Here's what I would like to see. There’s a meteorologist in the Hudson Valley, Alex Marra. He created Hudson Valley Weather. Well, it’s hvweather.com. And he provides, through Facebook, particularly, a, a real service to the micro community in our part of the Hudson Valley. He’s kind of reading the odds in a more granular way that serves a very specific audience. I –
[BOTH SPEAK/OVERLAP]
BROOKE GLADSTONE: He’s the Nate Silver of weather of the Hudson Valley.
ANDREW REVKIN: Of the Hudson Valley, right. [LAUGHS] But he’s – has tens of thousands of followers. And I would have to look for the Louisiana region.
BROOKE GLADSTONE: Mm-hmm.
ANDREW REVKIN: And hopefully, there’s a – an Alex Marra, so that there's someone people can migrate to who can give you that real-time advice.
BROOKE GLADSTONE: But you think there was something really unusual in the lack of coverage here that doesn't relate to the fact that it was a, a busy news summer, what with an election and an Olympics. You think that there's something about this storm that didn't lend itself to big headlines.

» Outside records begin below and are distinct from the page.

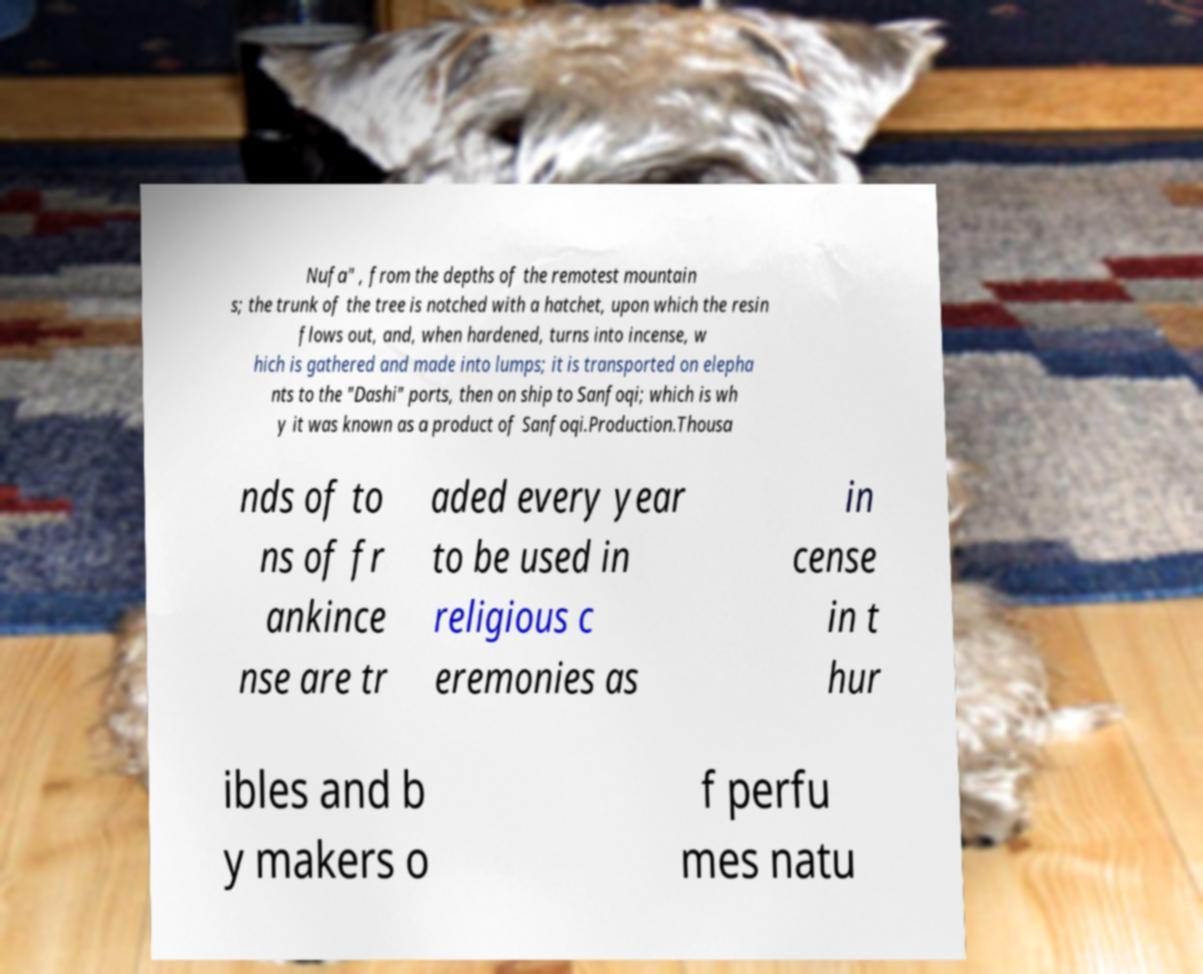Could you assist in decoding the text presented in this image and type it out clearly? Nufa" , from the depths of the remotest mountain s; the trunk of the tree is notched with a hatchet, upon which the resin flows out, and, when hardened, turns into incense, w hich is gathered and made into lumps; it is transported on elepha nts to the "Dashi" ports, then on ship to Sanfoqi; which is wh y it was known as a product of Sanfoqi.Production.Thousa nds of to ns of fr ankince nse are tr aded every year to be used in religious c eremonies as in cense in t hur ibles and b y makers o f perfu mes natu 
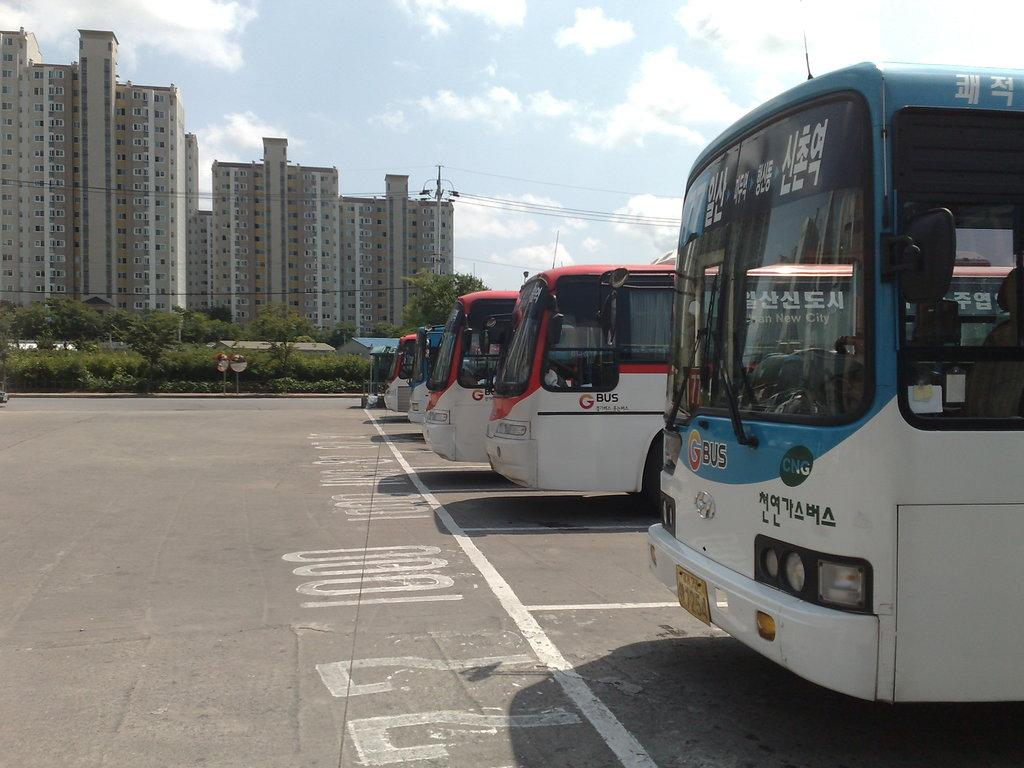<image>
Summarize the visual content of the image. A Blue G Bus sits in line with several other buses in a parking lot. 
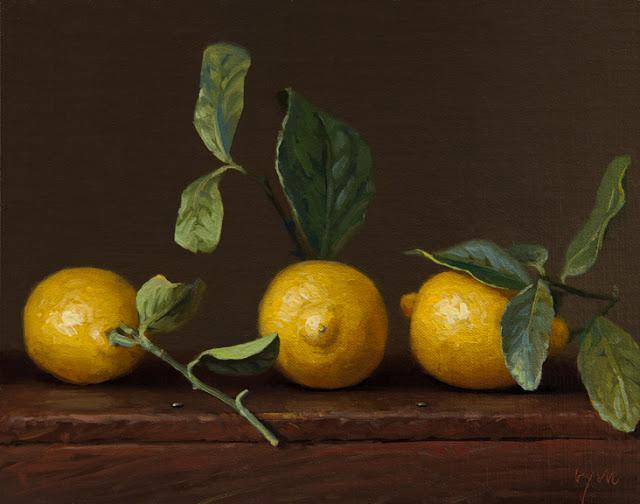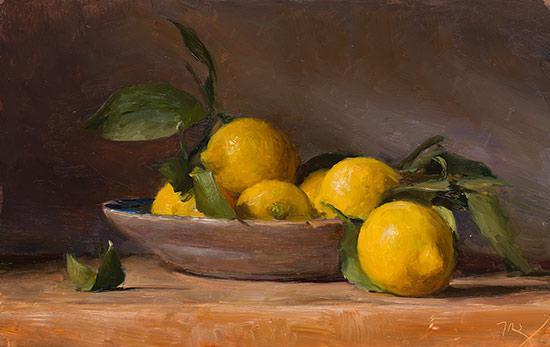The first image is the image on the left, the second image is the image on the right. Evaluate the accuracy of this statement regarding the images: "Some lemons are in a bowl.". Is it true? Answer yes or no. Yes. The first image is the image on the left, the second image is the image on the right. Given the left and right images, does the statement "There are three whole lemons lined up in a row in at least one of the images." hold true? Answer yes or no. Yes. 
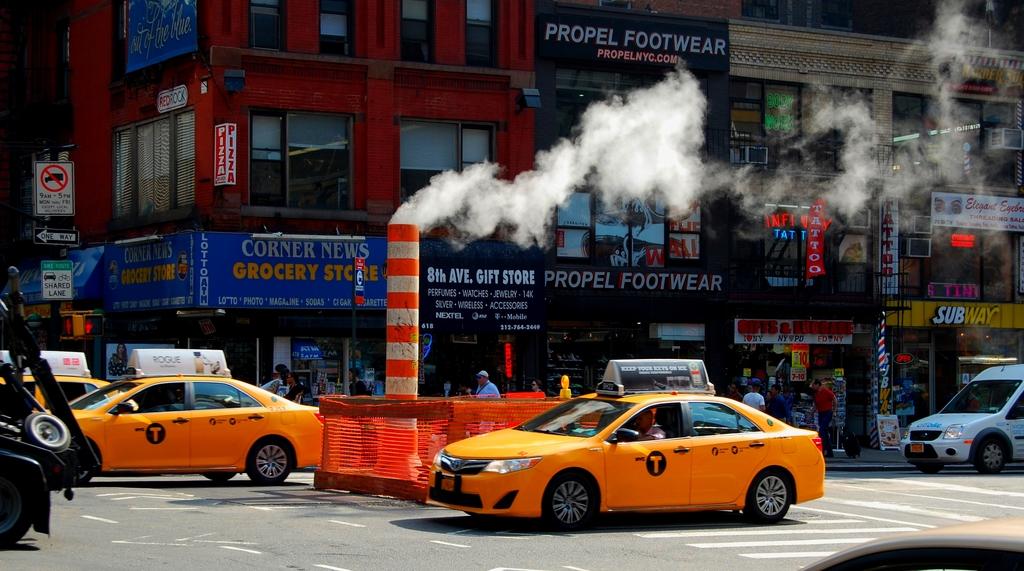What is the footwear store name?
Your response must be concise. Propel. What avenue is this?
Ensure brevity in your answer.  8th.

ANDREW REVKIN: Well, for one thing, there was no build up. NHC.Miller.gov, the national hurricane center, go there and you can track tropical systems as they come across from Africa, and as it builds there's a whole warning system set up. The protocols are all based around tropical systems like that. And this one built on its own. It was hard to get out in front of that. Two days ahead of time, there's nothing there to say that this particular system was capable of that epic of flood.
BROOKE GLADSTONE: This storm didn't have a name. Why didn’t it have a name?
ANDREW REVKIN: Because the protocols are not there. The National Hurricane Center deals with hurricanes. [LAUGHS]
BROOKE GLADSTONE: But a rainstorm doesn't get a name.
ANDREW REVKIN: Not yet. I've been in touch with people at NOAA, the National Oceanic and Atmospheric Administration, about, you know, how to shift protocols going forward. The fires all have names now, out West.
BROOKE GLADSTONE: Do they?
ANDREW REVKIN: Yes, those are developed for the firefighting community. The California newspapers mention the fire by name. Blue Cut Fire was this really raging fire just a week ago, just east of LA.
BROOKE GLADSTONE: Could you have a Category 3 rainstorm?
ANDREW REVKIN: Stay tuned. By the way, I'm doing some reporting right now on hurricanes. There’s pretty solid science pointing to us having to add a, a category or two there, late this century -
BROOKE GLADSTONE: Wow!
ANDREW REVKIN: - Category 6, even Category 7, in the sense of fundamentally new kinds of ferocity in hurricanes.
BROOKE GLADSTONE: With all the schools that are currently at risk and the thousands of people on floodplains in parts of the world where they will have no escape and the dislocation of poor people in this country, I just wonder, how are you sleepin’?
ANDREW REVKIN: [LAUGHS] I, I’m pretty excited these days
[BROOKE LAUGHS]
What I've seen in many, many places, the, the capacity to build things from the bottom-up, to create your own network. Journalism is a shrinking wedge of this explosively growing pie of ways to share ideas and knowledge and be responsive. And that's where there's a lot of opportunity. And the media that persist will recognize that and facilitate it and drawn on it as much as they will create it themselves.
BROOKE GLADSTONE: Andy, thank you very much.
ANDREW REVKIN: It’s my pleasure to be with you.
BROOKE GLADSTONE: Andrew Revkin teaches at Pace University, writes for The New York Times blog Dot Earth and is cohost of the Warm Regards podcast about climate change.